A team consisting of a tropical plant expert and six horticulturists deals with the cultivation of the tropical vegetation in the greenhouse, which satisfy the vital needs of the butterflies. For the care of the plants, natural or traditional methods are applied to control harmful organisms since the use of pesticides is a threat to the butterflies. Other staff of biologists and veterinary physicians work for the care and protection of the butterfly house.
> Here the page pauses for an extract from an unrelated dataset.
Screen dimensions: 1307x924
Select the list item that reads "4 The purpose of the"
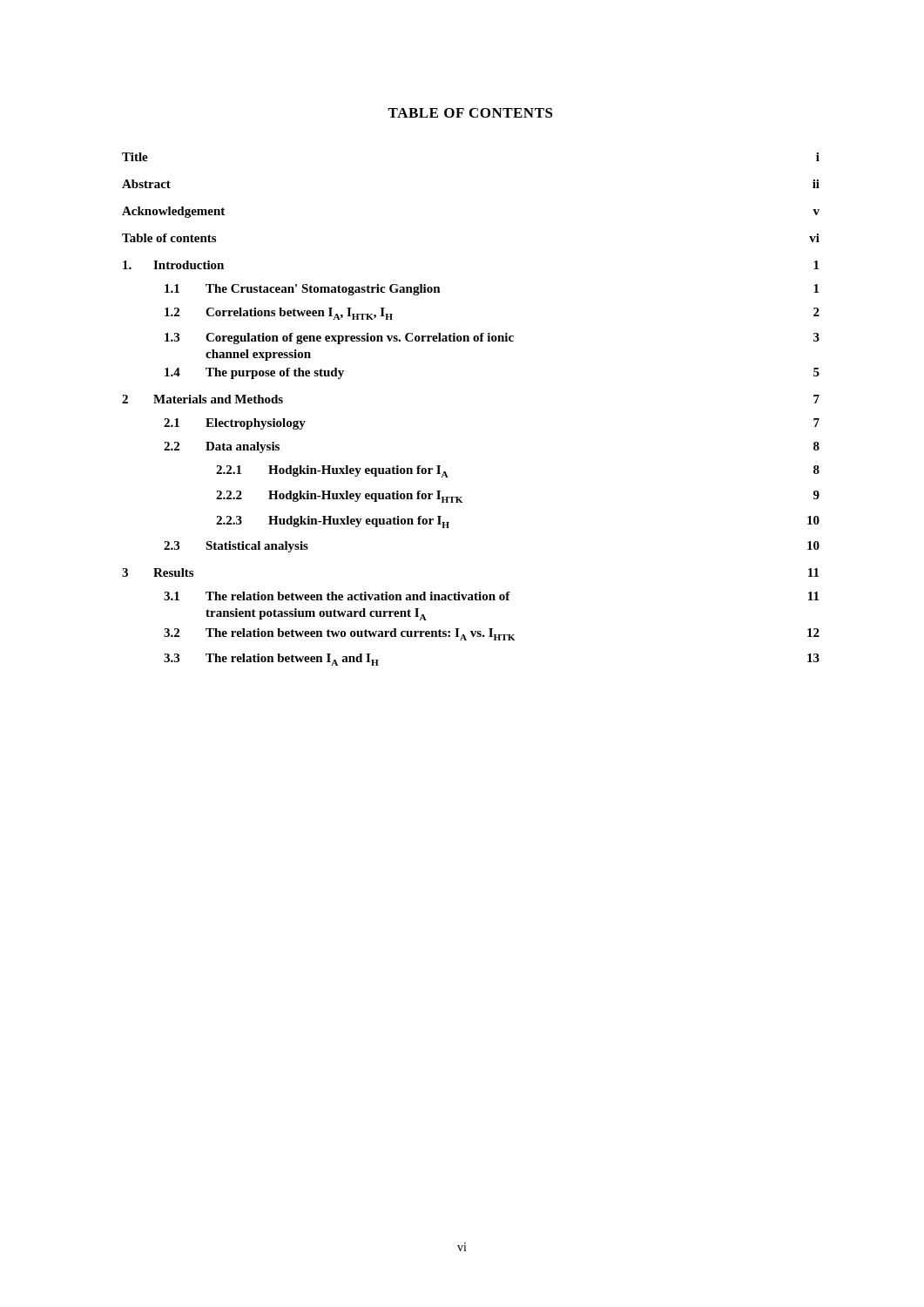281,373
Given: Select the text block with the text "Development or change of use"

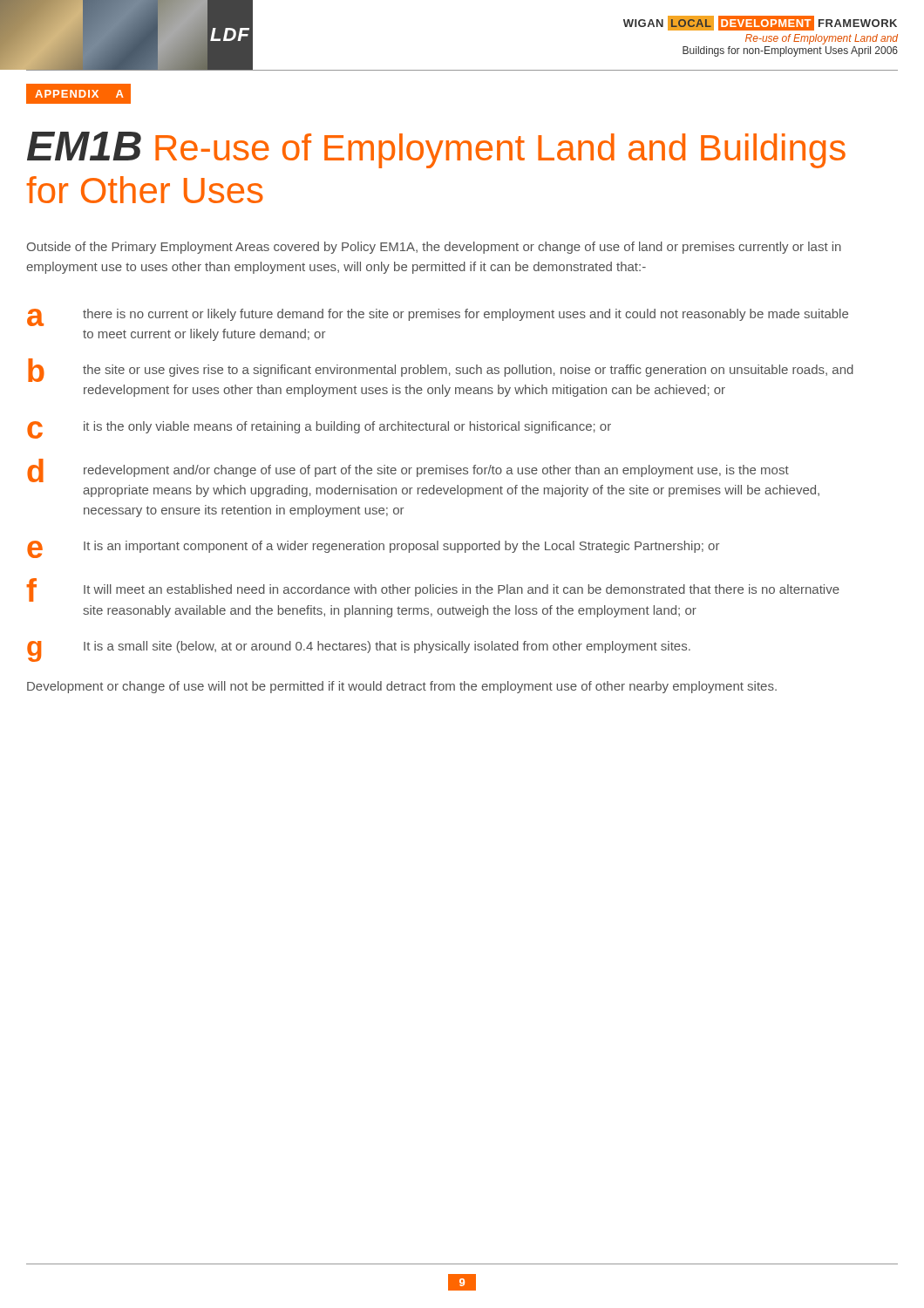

The facility also features a Butterfly Museum, an Insect Museum and a Nature Education Class. The butterfly house also hosts scientific activities for students on fungi, birds, insects, and upon special request on reptiles and other interesting creatures.

== Status ==
The butterfly house is open to the public from 9:00 to 17:00 local time, but is closed on Mondays. It is served by city bus line #47. The butterfly house attracts an average of about 350,000 tourists a year. As of early November 2018, the number of visitors had exceeded 1.5 million since its opening.